RECORDS FOR THE EXERCISE
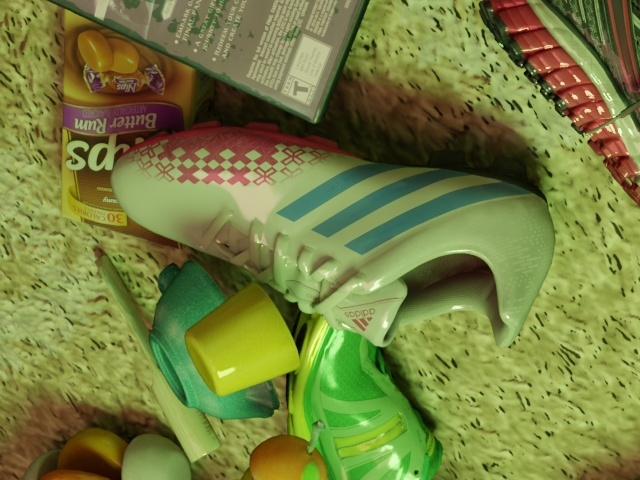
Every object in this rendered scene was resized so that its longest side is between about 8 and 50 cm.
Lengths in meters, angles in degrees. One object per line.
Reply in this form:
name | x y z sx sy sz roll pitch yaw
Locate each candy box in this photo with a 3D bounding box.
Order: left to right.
candy box | -0.140 -0.093 1.515 0.109 0.053 0.186 15 124 15

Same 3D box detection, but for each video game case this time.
video game case | -0.088 -0.227 1.401 0.274 0.026 0.196 26 109 11

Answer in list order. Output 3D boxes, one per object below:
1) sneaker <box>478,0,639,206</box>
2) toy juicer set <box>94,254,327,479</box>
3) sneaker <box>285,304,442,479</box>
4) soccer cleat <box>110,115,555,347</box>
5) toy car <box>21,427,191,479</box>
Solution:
sneaker | 0.239 -0.078 1.316 0.112 0.121 0.299 -40 106 5
toy juicer set | -0.064 0.111 1.506 0.209 0.089 0.329 66 164 -16
sneaker | 0.034 0.140 1.552 0.123 0.109 0.295 -1 118 0
soccer cleat | 0.000 0.000 1.407 0.331 0.143 0.116 6 150 10
toy car | -0.181 0.258 1.681 0.159 0.136 0.182 -14 111 30
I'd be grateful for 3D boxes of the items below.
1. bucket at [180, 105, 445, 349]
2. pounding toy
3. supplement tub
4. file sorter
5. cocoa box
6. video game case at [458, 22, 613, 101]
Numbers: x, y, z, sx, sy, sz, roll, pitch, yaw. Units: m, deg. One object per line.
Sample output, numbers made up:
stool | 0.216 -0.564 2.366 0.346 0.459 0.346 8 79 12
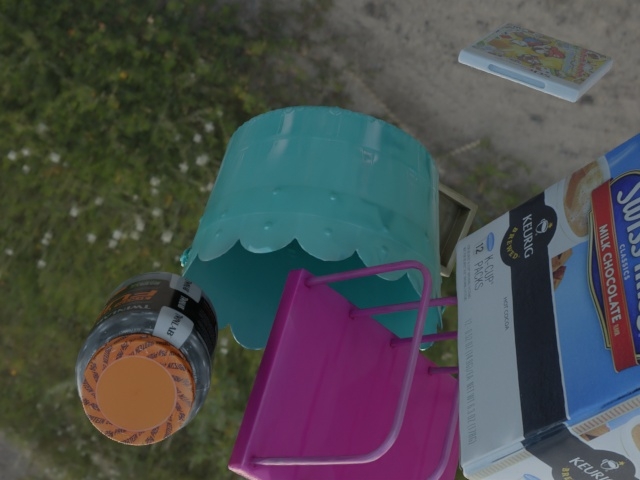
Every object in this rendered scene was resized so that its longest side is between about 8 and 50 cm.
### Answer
bucket | 0.000 0.000 1.149 0.281 0.183 0.281 8 151 4
pounding toy | 0.125 -0.041 1.499 0.141 0.130 0.100 28 172 -30
supplement tub | -0.153 0.104 0.964 0.117 0.117 0.190 23 -170 -7
file sorter | 0.101 0.174 1.019 0.182 0.202 0.290 -10 143 43
cocoa box | 0.305 0.114 0.851 0.347 0.231 0.228 33 132 -27
video game case | 0.367 -0.305 1.818 0.206 0.227 0.026 24 121 19
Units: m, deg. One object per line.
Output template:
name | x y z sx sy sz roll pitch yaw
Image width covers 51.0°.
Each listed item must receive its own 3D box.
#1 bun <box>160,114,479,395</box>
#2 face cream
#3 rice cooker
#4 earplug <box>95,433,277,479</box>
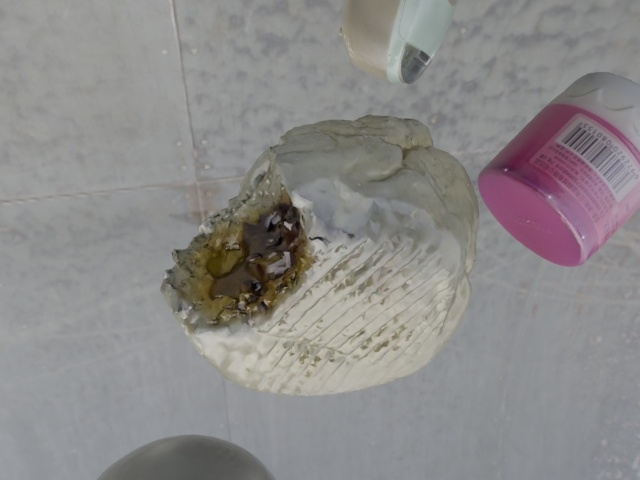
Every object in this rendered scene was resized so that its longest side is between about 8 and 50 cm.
bun | 0.014 0.004 0.625 0.282 0.204 0.281 -4 135 -4
face cream | 0.329 -0.090 0.858 0.195 0.175 0.175 -43 151 -8
rice cooker | 0.103 -0.303 0.847 0.127 0.206 0.145 14 -172 22
earplug | -0.183 0.428 0.810 0.313 0.394 0.312 0 116 0

WHAT IS NEEDED
Whenever a line above includes "below", copy it in full.

REPLY
Answer in list order. Output 3D boxes, one per object below:
I'd be grateful for 3D boxes of the items below.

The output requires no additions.